Archive for August, 2010

Evan and I went to Home Depot for the monthly kid’s workshop craft. Today, he built a desktop pencil holder shaped like a schoolbus.

strong headwinds on the ride home, made visible in the blowing grasses along twelve mile coulee
Bill pulls responses to 3 recent articles (and I’d argue a fourth – the Bill Gates “education is the web” thing ) together with a single sentence:
Just to emphasize, whenever anyone talks about “delivering” education, the implication is that learning is a passive activity that can be brought to people – in other words, getting us back into “consuming” mode.
Learning is active. There’s no getting around that. Therefore, an effective education involves much more than simple content distribution. Framing education as being a series of exercises in content consumption (no matter how great the content may be) doesn’t serve anyone well. It’s also not as simple as grafting on a layer of social networking on top of content. Education and learning are so much more than that.

I went with Evan to his swimming lesson this morning, at the outdoor pool near his school. Not a great morning to be in an outdoor pool, but he had a blast swimming with his friend.

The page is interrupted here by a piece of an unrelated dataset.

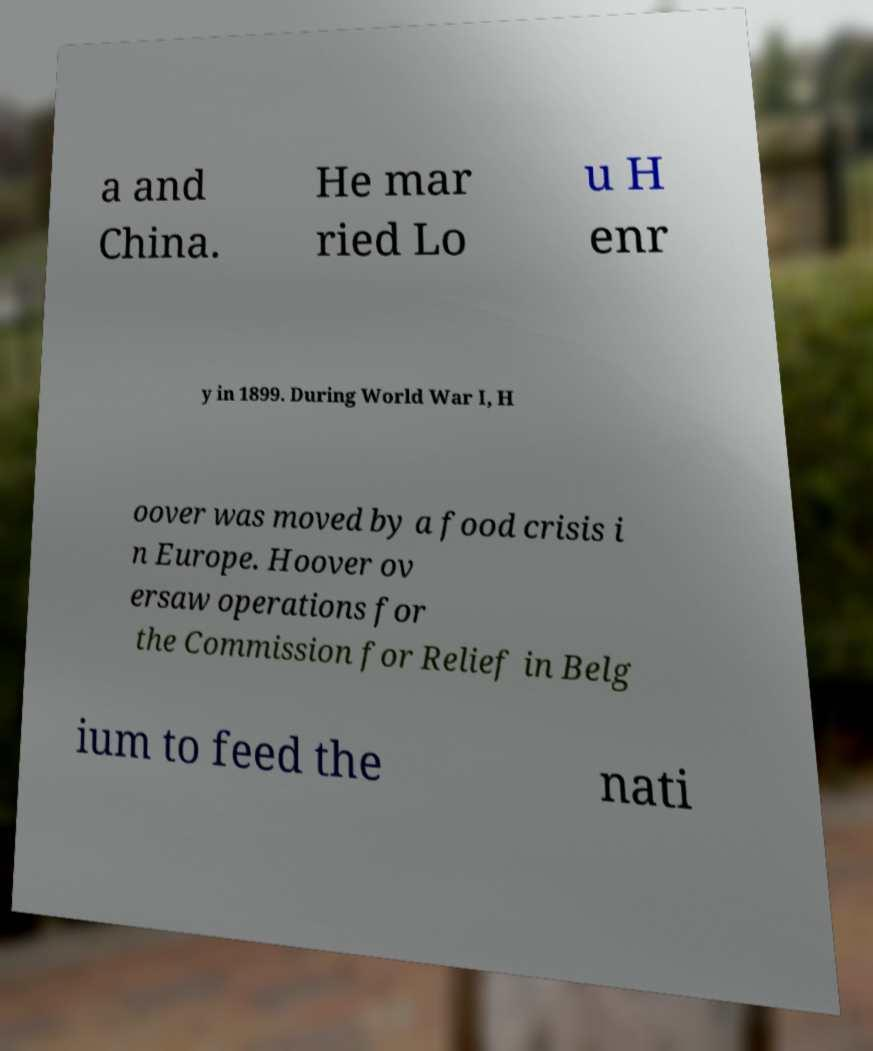Could you assist in decoding the text presented in this image and type it out clearly? a and China. He mar ried Lo u H enr y in 1899. During World War I, H oover was moved by a food crisis i n Europe. Hoover ov ersaw operations for the Commission for Relief in Belg ium to feed the nati

I tried to capture some of the Perseids show tonight. I saw one meteor and train, but the glow of the clouds drowned it out. Hopefully I’ll get another chance tomorrow night…
I just updated the excellent Relevanssi search index plugin (it makes the search feature of WordPress actually WORK, with relevant results rather than the lame built-in search). It reports on the top words in the search index. I’m a little surprised at the results (but, looking over the words in just this short post, I probably shouldn’t be…).
- just (1226)
- like (846)
- i’m (820)
- i’ve (675)
- really (557)
- new (538)
- time (517)
- use (500)
- stuff (494)
- got (477)
- way (474)
- using (461)
- pretty (443)
- blog (441)
- cool (428)
- that’s (426)
- i’ll (408)
- don’t (388)
- going (387)
- update (387)
- work (376)
- people (375)
- things (370)
- post (368)
- sure (365)
I’m kinda surprised that “awesome” isn’t high up that list…

It looked like it’d be another race home before a severe thunderstorm hit. funnel clouds were spotted northwest of the city, but nothing at my house (yet…)
With the CEO of Google declaring privacy as a thing of the past (along with Zuckerberg and Facebook), how do we reconcile that with the United Nations Declaration of Human Rights, specifically Article 12:
No one shall be subjected to arbitrary interference with his privacy, family, home or correspondence, nor to attacks upon his honour and reputation. Everyone has the right to the protection of the law against such interference or attacks.
Google thinks it’s a good idea to interfere with the privacy of every internet user on the planet, so that it can continue to make billions of dollars by selling the information they gather, as well as using that information to better target advertising.
The UN, and nations that are signatories of the Declaration, think that privacy is kinda handy.
Which side should we be backing?

as I was riding home, I could see a system moving in, with many rainy squalls and distant lightning. it kept me pushing hard, despite the headwind, and I managed to get home in record time – about 2 minutes before the monsoon hit my house.